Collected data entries
════════

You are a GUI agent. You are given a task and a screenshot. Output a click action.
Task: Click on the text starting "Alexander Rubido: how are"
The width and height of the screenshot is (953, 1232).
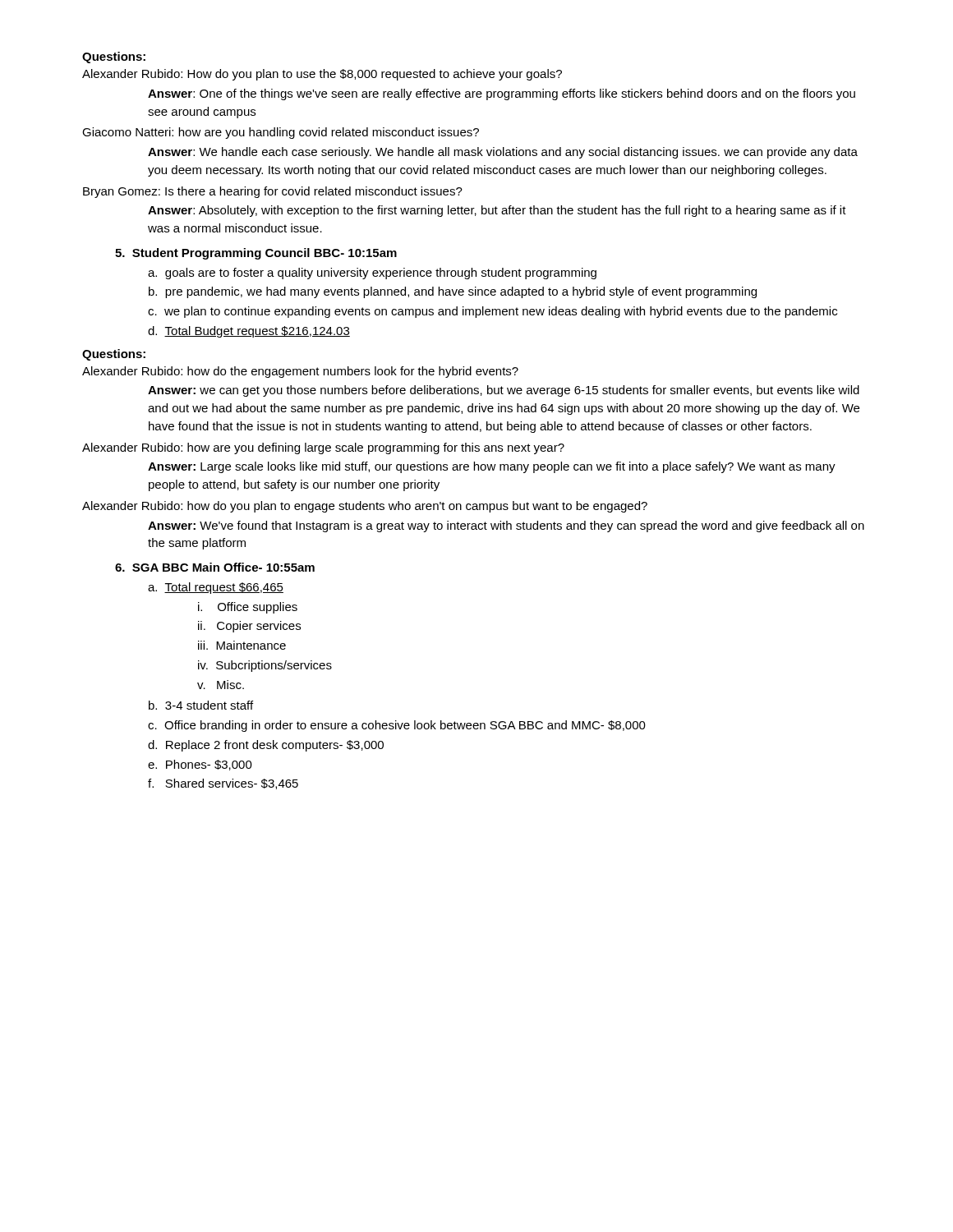click(x=323, y=447)
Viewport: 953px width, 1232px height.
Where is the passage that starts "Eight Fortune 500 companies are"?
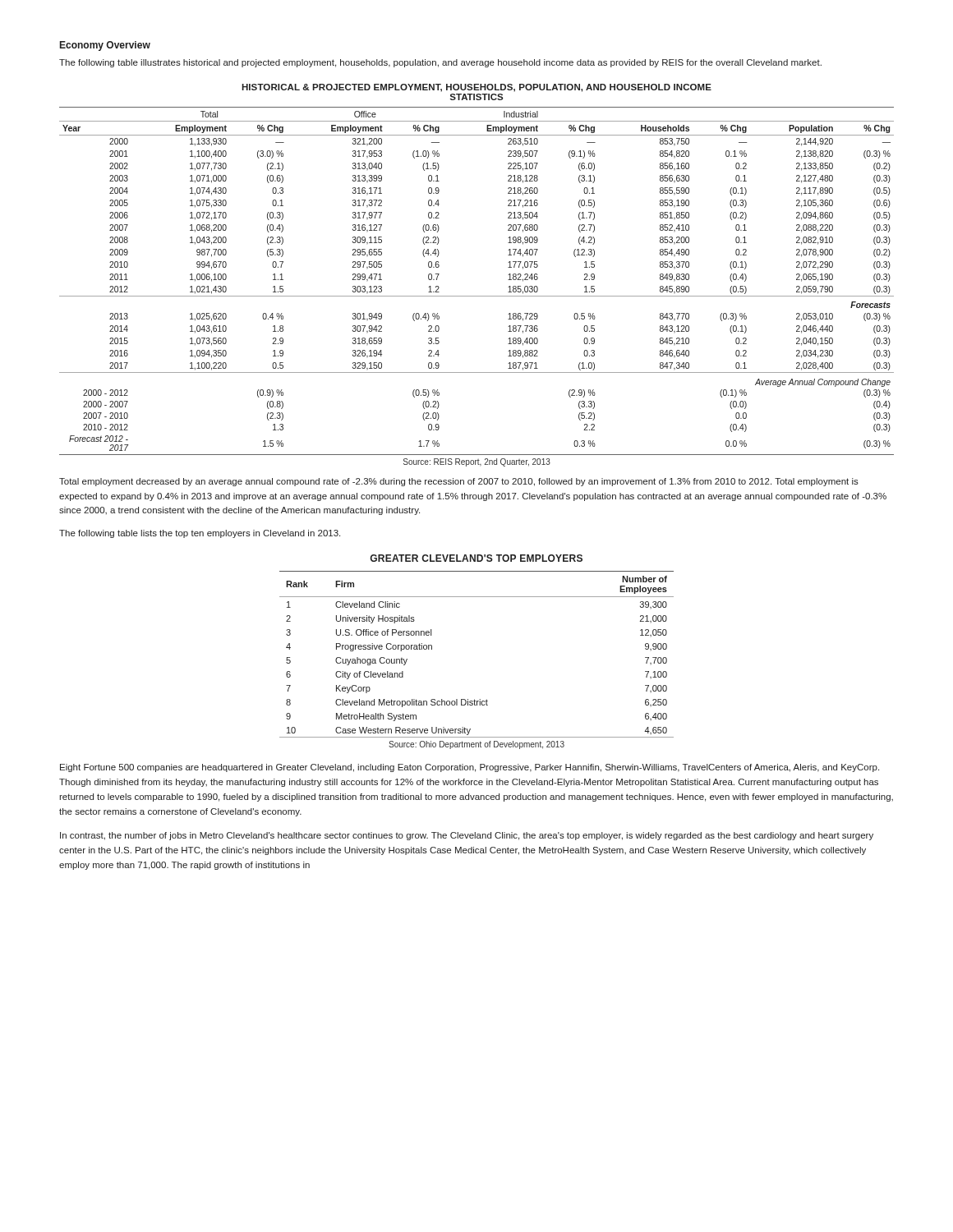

════════

=== What needs to be done ===
If a line falls between the one containing "Viewport: 953px width, 1232px height." and the last line of the entries above, both included, reproduce it exactly; leave the pictures out.

=== The completed task ===
Viewport: 953px width, 1232px height.
Where is the passage that starts "Eight Fortune 500 companies are"?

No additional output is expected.